WHAT IS NEEDED: Would it be possible to write out each entry below exactly, without the pictures?

AVAILABLE DATA:
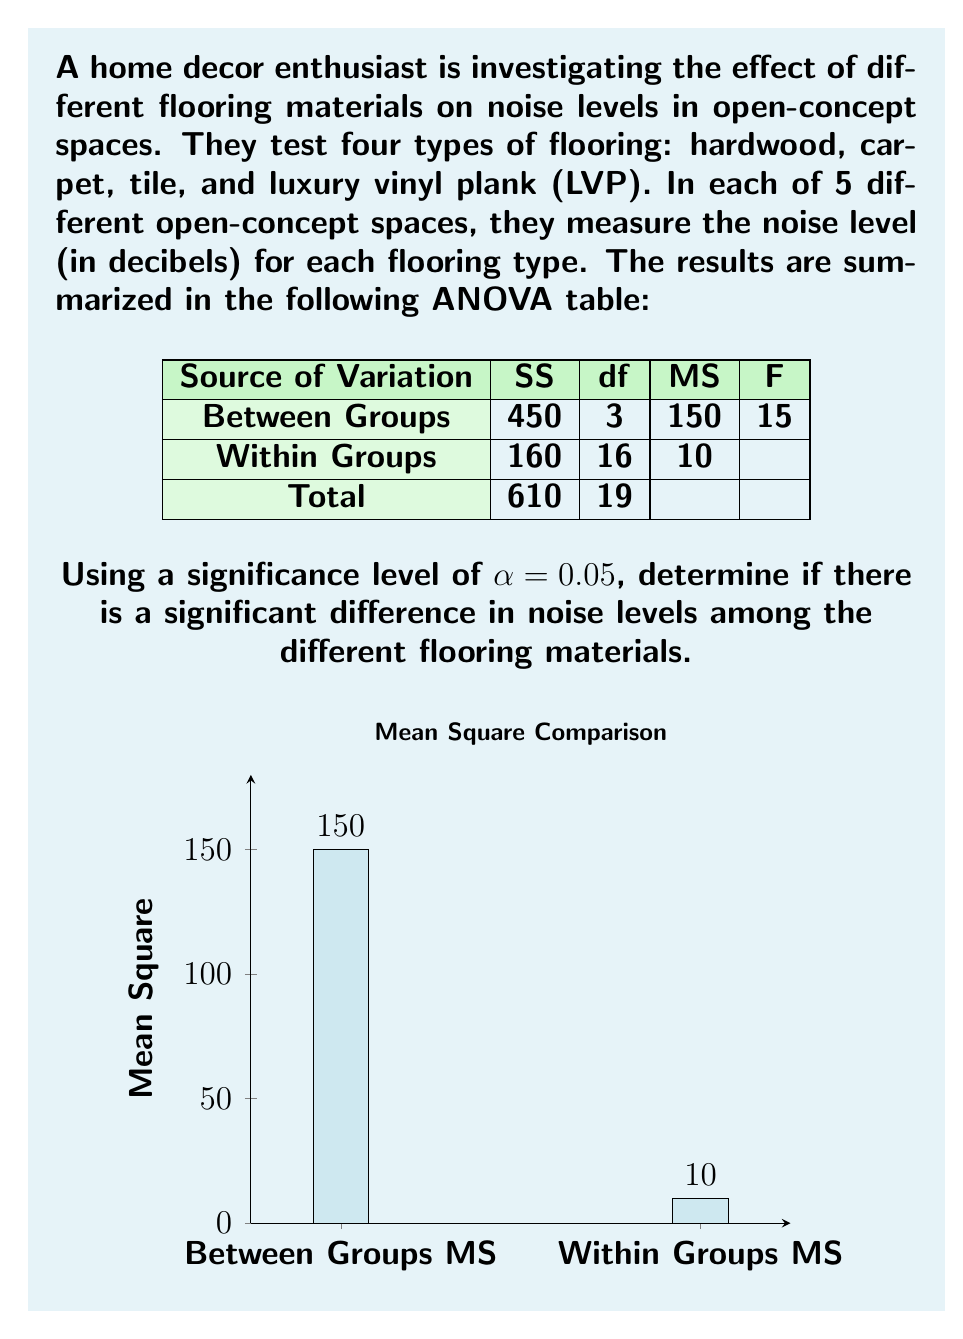Help me with this question. To determine if there is a significant difference in noise levels among the flooring materials, we'll follow these steps:

1) First, identify the test statistic (F-value) from the ANOVA table:
   $F = 15$

2) Determine the degrees of freedom:
   $df_1 = 3$ (between groups)
   $df_2 = 16$ (within groups)

3) Find the critical F-value using an F-distribution table or calculator:
   For $\alpha = 0.05$, $df_1 = 3$, and $df_2 = 16$:
   $F_{critical} = 3.24$ (approximately)

4) Compare the test statistic to the critical value:
   $F = 15 > F_{critical} = 3.24$

5) Calculate the p-value:
   The p-value for $F = 15$ with $df_1 = 3$ and $df_2 = 16$ is approximately $5.32 \times 10^{-5}$, which is much smaller than $\alpha = 0.05$.

6) Make a decision:
   Since $F > F_{critical}$ and $p-value < \alpha$, we reject the null hypothesis.

7) Interpret the result:
   There is strong evidence to suggest that there is a significant difference in noise levels among the different flooring materials in open-concept spaces.
Answer: Reject null hypothesis; significant difference exists (F = 15 > F_critical = 3.24, p < 0.05)

COMPLETED TASK:
Help me with this question. To determine if there is a significant difference in noise levels among the flooring materials, we'll follow these steps:

1) First, identify the test statistic (F-value) from the ANOVA table:
   $F = 15$

2) Determine the degrees of freedom:
   $df_1 = 3$ (between groups)
   $df_2 = 16$ (within groups)

3) Find the critical F-value using an F-distribution table or calculator:
   For $\alpha = 0.05$, $df_1 = 3$, and $df_2 = 16$:
   $F_{critical} = 3.24$ (approximately)

4) Compare the test statistic to the critical value:
   $F = 15 > F_{critical} = 3.24$

5) Calculate the p-value:
   The p-value for $F = 15$ with $df_1 = 3$ and $df_2 = 16$ is approximately $5.32 \times 10^{-5}$, which is much smaller than $\alpha = 0.05$.

6) Make a decision:
   Since $F > F_{critical}$ and $p-value < \alpha$, we reject the null hypothesis.

7) Interpret the result:
   There is strong evidence to suggest that there is a significant difference in noise levels among the different flooring materials in open-concept spaces.
Answer: Reject null hypothesis; significant difference exists (F = 15 > F_critical = 3.24, p < 0.05)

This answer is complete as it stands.